> Description of the task: If a line in the entries below includes "each", pick it out and copy it.

> Input:
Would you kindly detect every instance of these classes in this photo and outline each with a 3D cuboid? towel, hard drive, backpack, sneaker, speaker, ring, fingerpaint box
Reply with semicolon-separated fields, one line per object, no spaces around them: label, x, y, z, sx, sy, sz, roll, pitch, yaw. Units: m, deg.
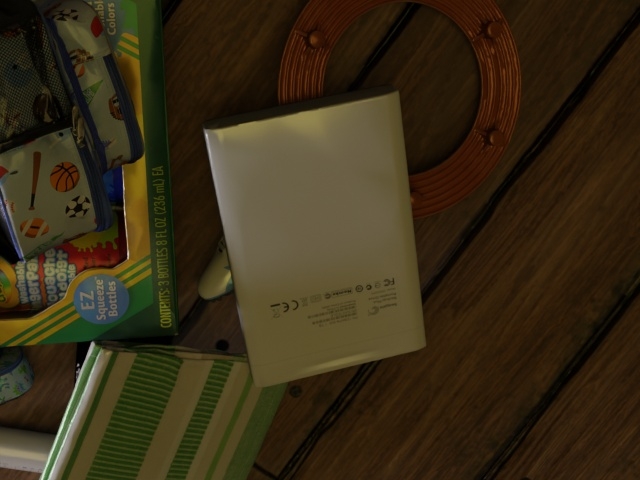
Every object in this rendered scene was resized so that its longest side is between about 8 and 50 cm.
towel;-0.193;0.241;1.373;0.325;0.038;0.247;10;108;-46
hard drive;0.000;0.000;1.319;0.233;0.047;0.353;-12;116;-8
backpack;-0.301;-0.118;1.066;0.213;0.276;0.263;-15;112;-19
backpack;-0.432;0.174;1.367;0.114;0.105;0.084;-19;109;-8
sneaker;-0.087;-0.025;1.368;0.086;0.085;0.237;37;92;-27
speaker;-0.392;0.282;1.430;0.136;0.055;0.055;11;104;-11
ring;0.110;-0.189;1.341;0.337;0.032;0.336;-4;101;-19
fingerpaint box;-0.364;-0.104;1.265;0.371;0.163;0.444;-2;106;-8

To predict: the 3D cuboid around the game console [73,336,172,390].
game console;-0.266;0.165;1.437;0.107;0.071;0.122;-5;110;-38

---

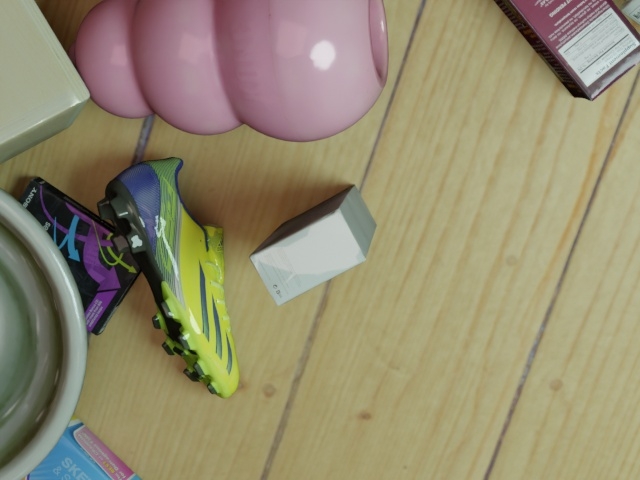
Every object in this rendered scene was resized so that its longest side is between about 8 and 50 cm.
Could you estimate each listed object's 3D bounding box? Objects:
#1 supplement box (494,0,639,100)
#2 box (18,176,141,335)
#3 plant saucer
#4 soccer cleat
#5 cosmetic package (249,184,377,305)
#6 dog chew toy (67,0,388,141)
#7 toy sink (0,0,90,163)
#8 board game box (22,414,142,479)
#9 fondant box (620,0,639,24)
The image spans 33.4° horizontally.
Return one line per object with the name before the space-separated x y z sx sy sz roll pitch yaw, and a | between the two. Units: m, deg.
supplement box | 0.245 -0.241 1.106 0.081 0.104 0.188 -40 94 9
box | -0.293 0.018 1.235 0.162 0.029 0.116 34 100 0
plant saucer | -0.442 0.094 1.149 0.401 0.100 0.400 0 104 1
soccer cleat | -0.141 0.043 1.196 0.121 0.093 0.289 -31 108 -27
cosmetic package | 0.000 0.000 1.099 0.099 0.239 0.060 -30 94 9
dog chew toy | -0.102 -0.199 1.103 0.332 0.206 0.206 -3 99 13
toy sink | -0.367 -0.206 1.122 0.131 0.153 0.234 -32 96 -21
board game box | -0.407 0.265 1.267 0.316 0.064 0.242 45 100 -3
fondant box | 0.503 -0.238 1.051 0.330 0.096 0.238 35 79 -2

==

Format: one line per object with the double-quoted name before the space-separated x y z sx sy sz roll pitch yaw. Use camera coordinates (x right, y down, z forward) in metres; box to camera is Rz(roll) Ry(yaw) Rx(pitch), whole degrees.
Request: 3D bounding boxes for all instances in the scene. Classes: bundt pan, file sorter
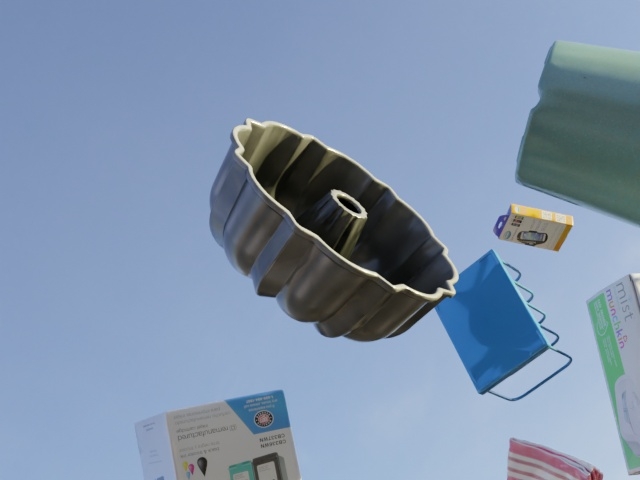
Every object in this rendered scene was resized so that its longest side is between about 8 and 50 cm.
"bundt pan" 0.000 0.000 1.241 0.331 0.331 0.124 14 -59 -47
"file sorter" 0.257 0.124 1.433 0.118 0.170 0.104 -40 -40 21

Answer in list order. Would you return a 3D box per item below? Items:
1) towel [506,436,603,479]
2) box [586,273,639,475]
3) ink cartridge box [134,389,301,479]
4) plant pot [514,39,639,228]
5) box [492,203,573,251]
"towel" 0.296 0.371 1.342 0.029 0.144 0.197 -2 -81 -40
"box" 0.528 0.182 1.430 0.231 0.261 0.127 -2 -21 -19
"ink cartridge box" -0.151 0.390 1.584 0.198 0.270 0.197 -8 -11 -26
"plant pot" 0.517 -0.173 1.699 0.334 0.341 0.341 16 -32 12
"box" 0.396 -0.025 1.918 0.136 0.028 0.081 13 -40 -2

> Exercise output:
Would you kindly detect every instance of these classes in this photo and outline each with a 3D cuboid? towel, hard drive, backpack, sneaker, speaker, ring, fingerpaint box
Could you estimate each listed object's 3D bounding box? Objects:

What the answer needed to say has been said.